Why did it not work out in the cases where it was tried? First of all, manufacturing, it's not as if most countries most of the time have lots of spare labor, lots of spare resources. If you are going to build up manufacturing behind tariff walls, it's going to divert resources away from other uses. And then the question is, is this going to be a good use of workers, good use of capital or not?
And if you try to only produce stuff for yourself, if you forego the benefits of international trade, then that industry is inefficient. You're producing things you really shouldn't be producing.
And you end up producing stuff also at inefficiently small scale. So you end up with low efficiency because you fragmented the industry. Is there a way to make it work? And the reason why I ask that is because, you know, Korea, China, they seem to have used a certain amount of trade barriers along with other tools. And they took their economies, you know, from 10 to 100 in just a few decades and
Is there a way to do it?

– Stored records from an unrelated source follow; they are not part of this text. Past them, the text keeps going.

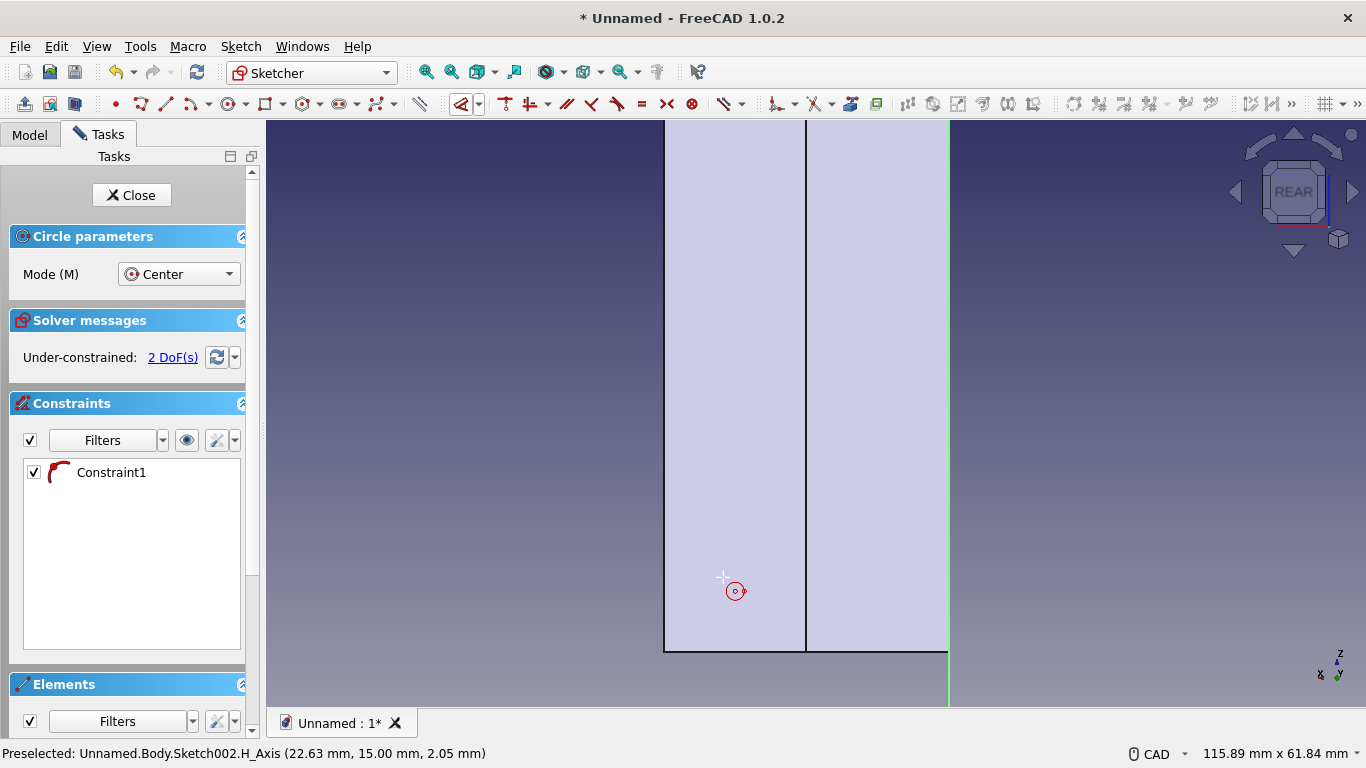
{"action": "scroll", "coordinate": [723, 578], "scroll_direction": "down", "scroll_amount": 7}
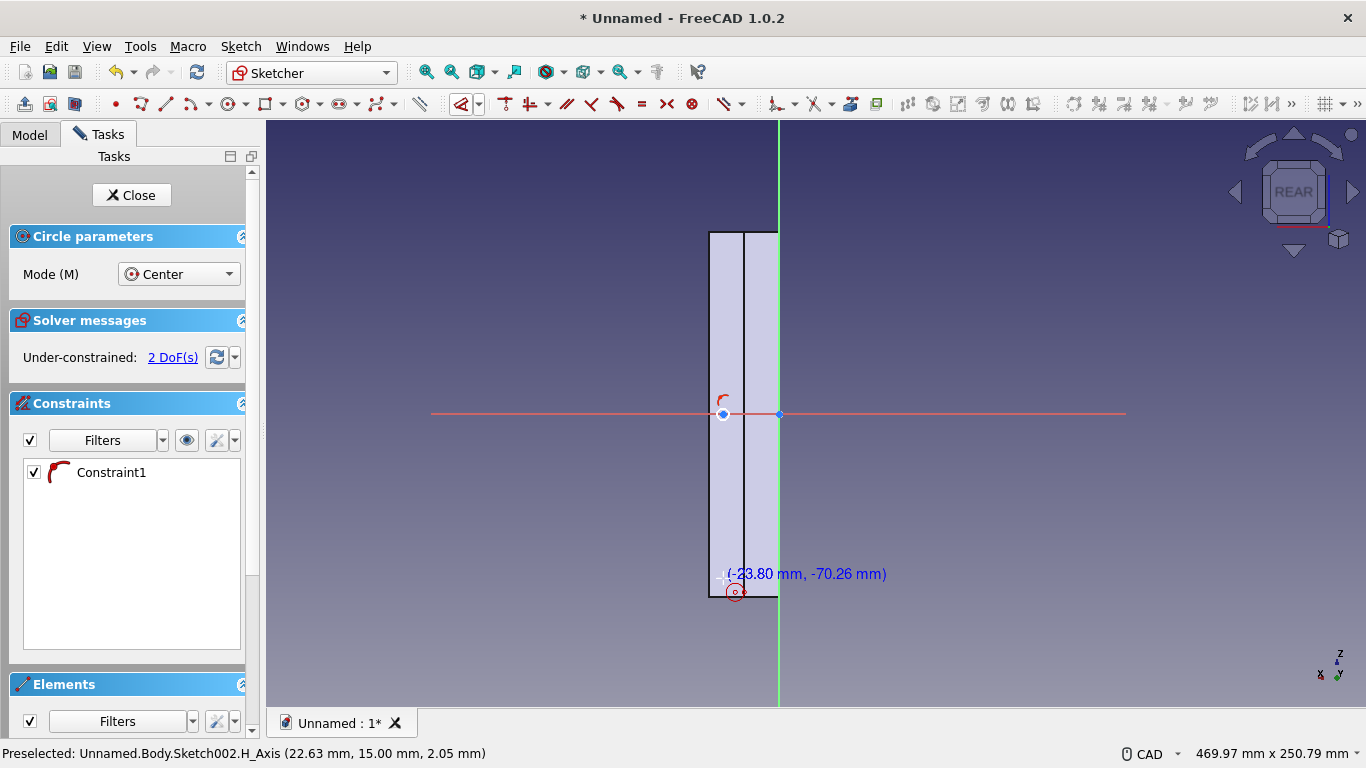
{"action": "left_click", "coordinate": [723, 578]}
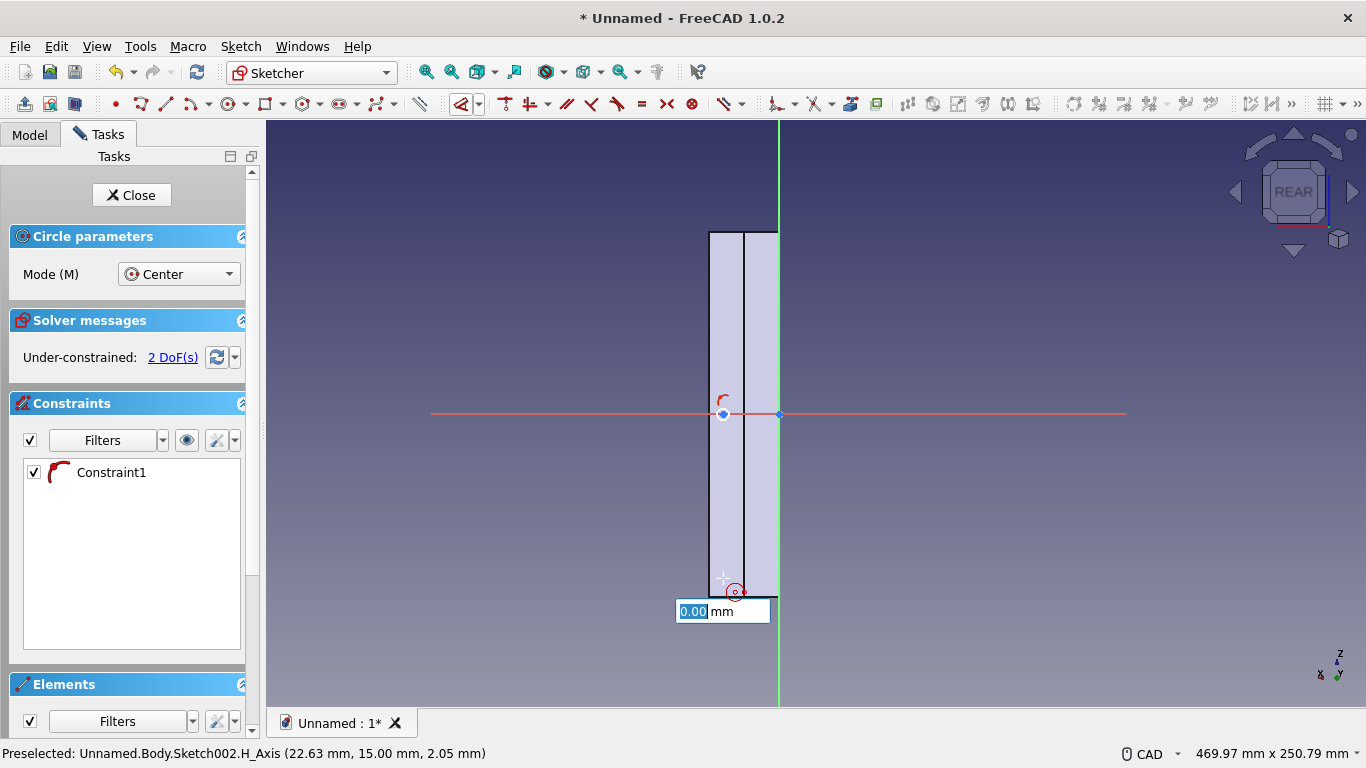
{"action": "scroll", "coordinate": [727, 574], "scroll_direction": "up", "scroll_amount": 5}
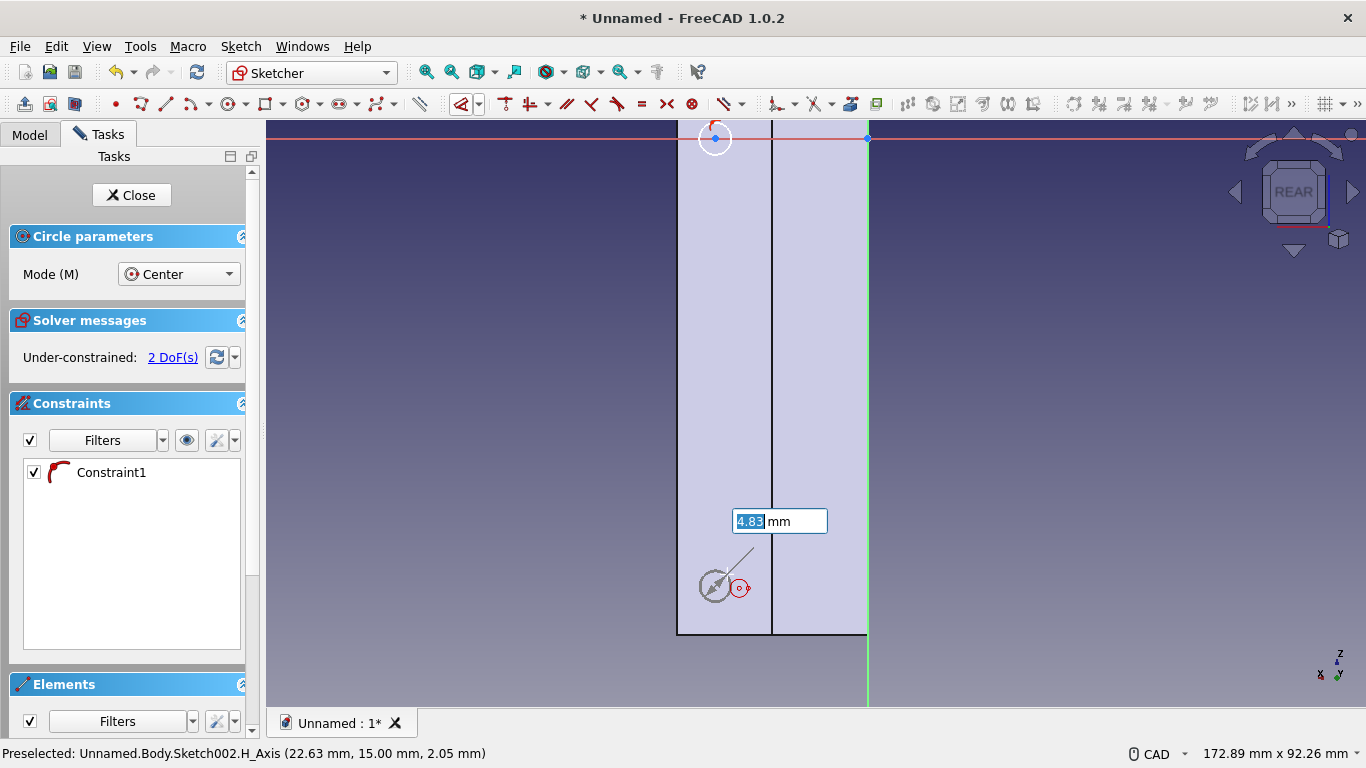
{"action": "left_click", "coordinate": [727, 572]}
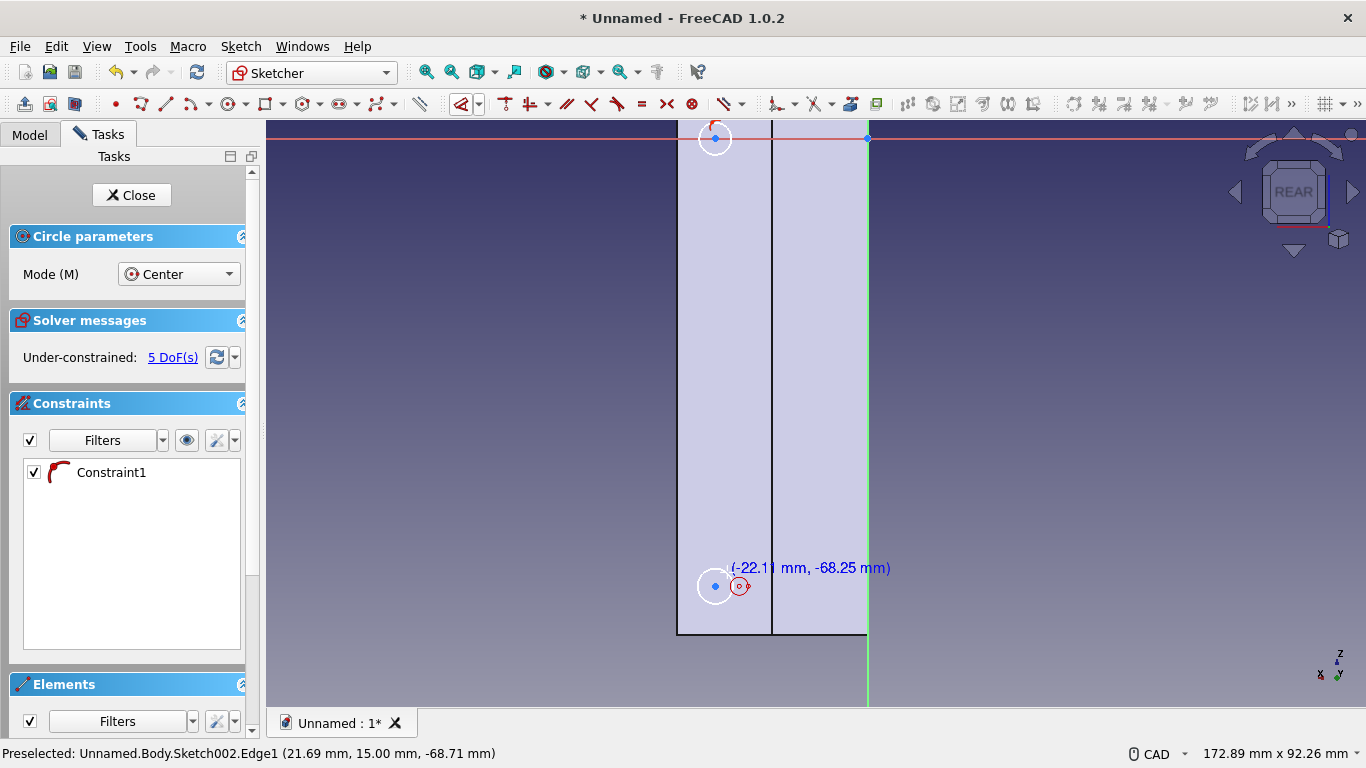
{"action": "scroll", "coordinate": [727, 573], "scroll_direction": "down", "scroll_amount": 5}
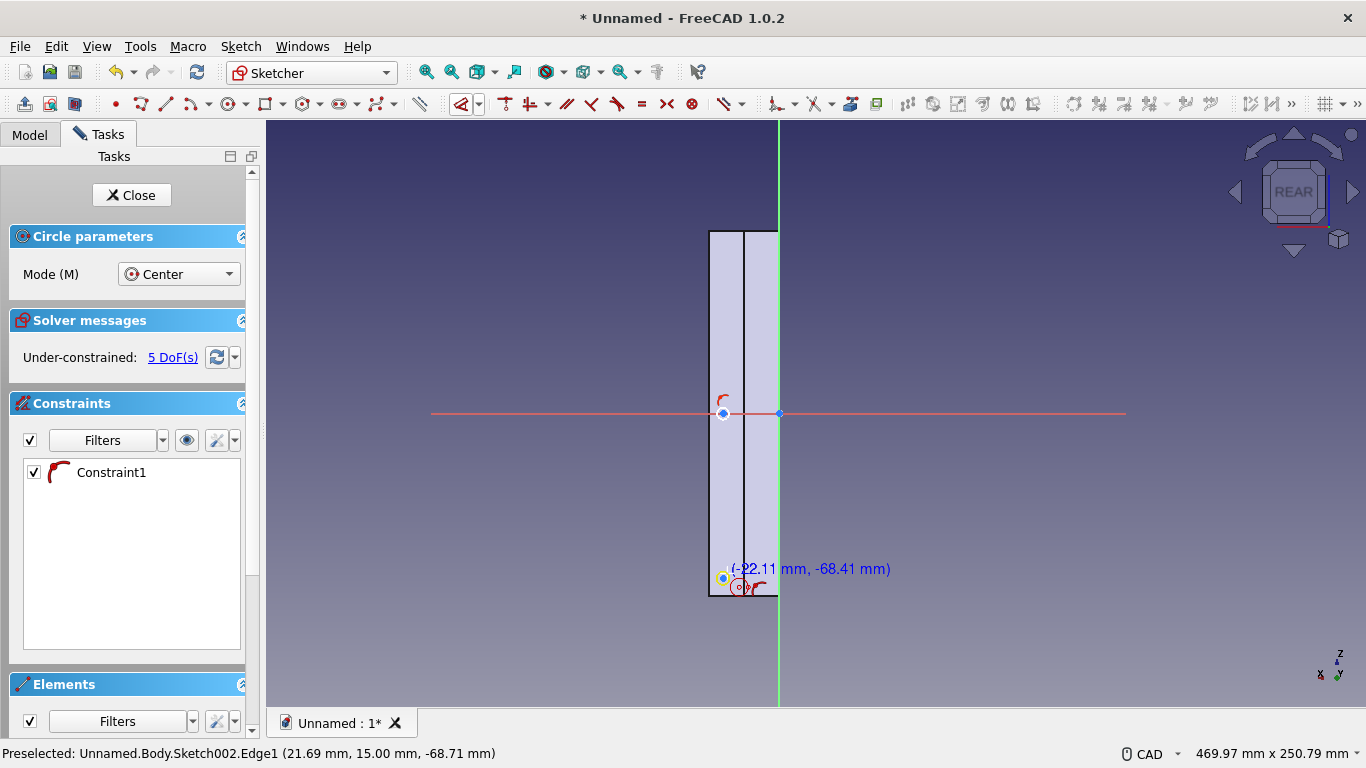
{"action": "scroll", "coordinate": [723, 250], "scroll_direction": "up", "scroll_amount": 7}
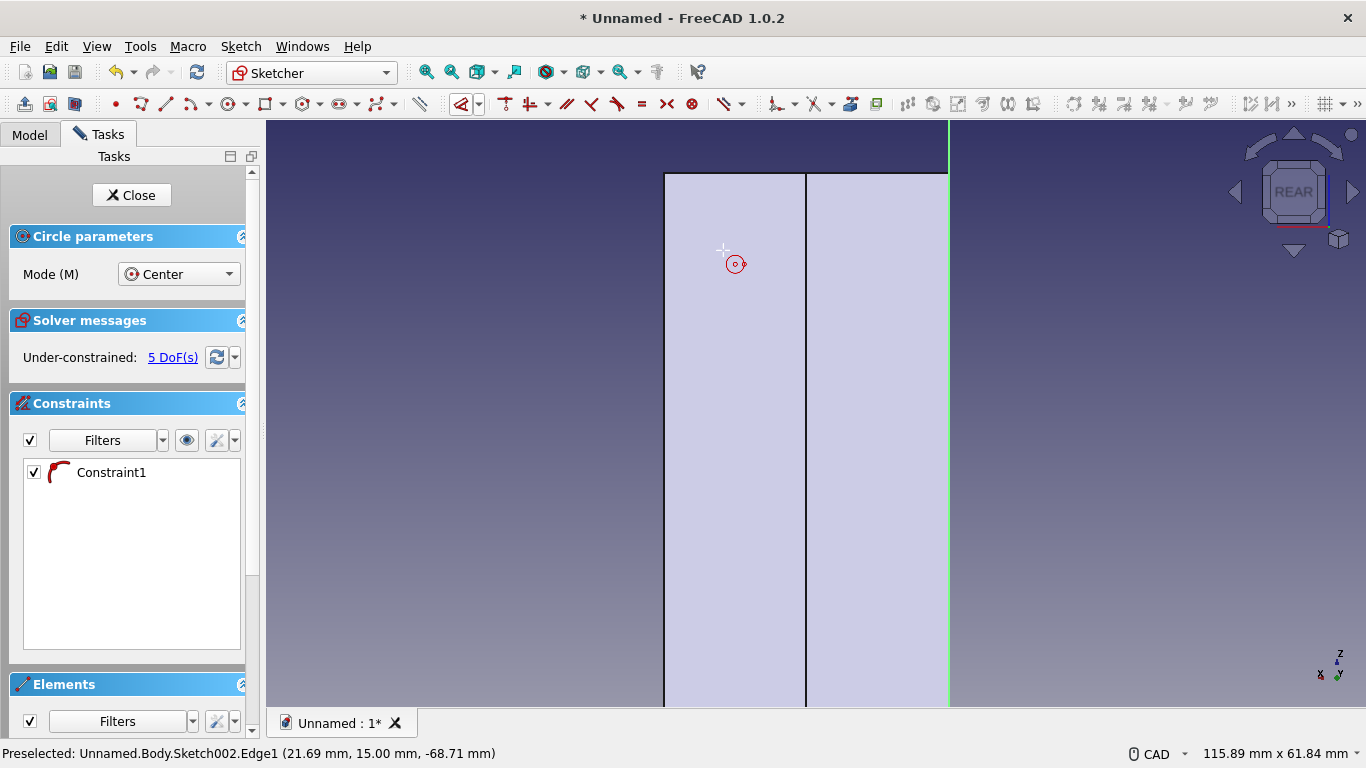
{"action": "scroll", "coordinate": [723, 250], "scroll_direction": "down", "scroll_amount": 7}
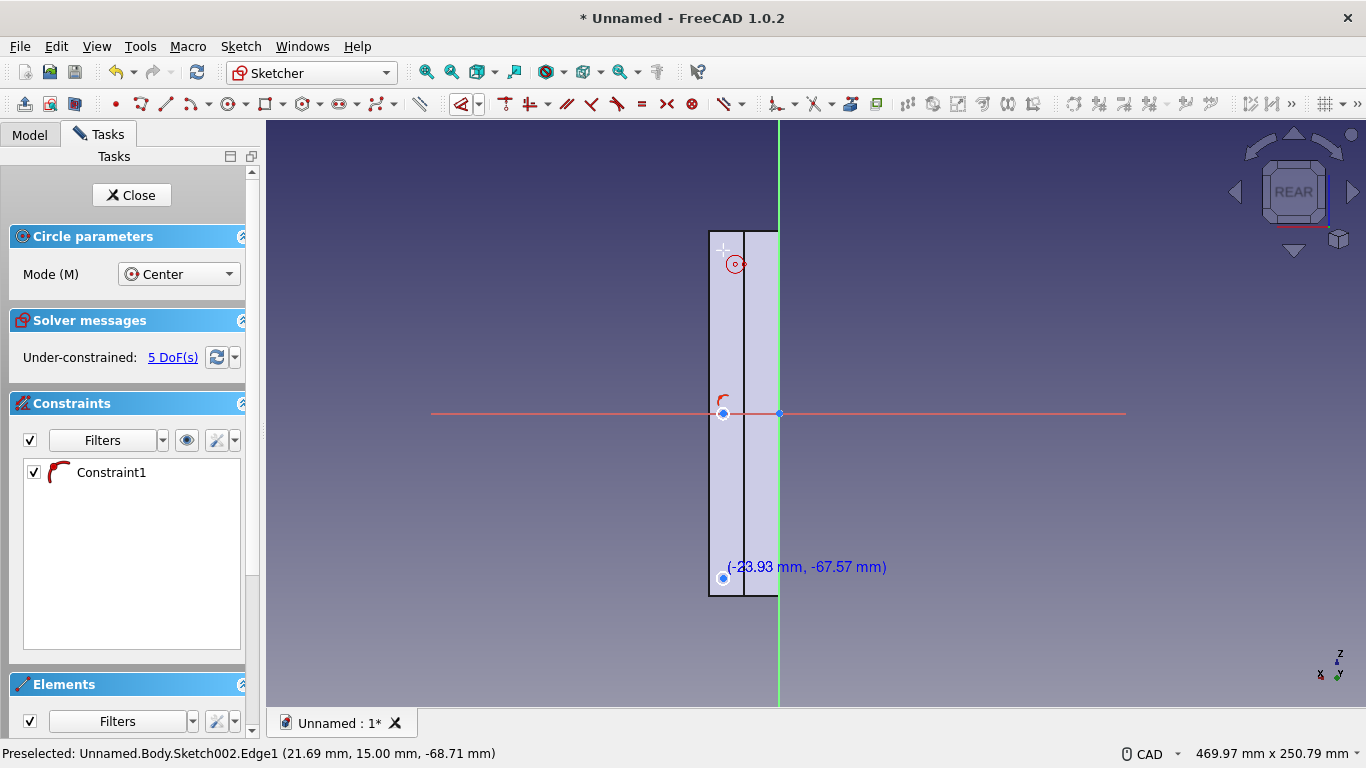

To the extent that they have done stuff, it has tended to be, yeah, there are tariffs, but the really important tools have been industrial policy, has been subsidizing, promoting industries, which can work if you can figure out the industries that have positive spillovers to the rest of the economy. Paul Krugman, professor of economics at the City University of New York. Thank you so much. Thank you for having me on. In New York, I'm Sabri Beneshour with the Marketplace Morning Report.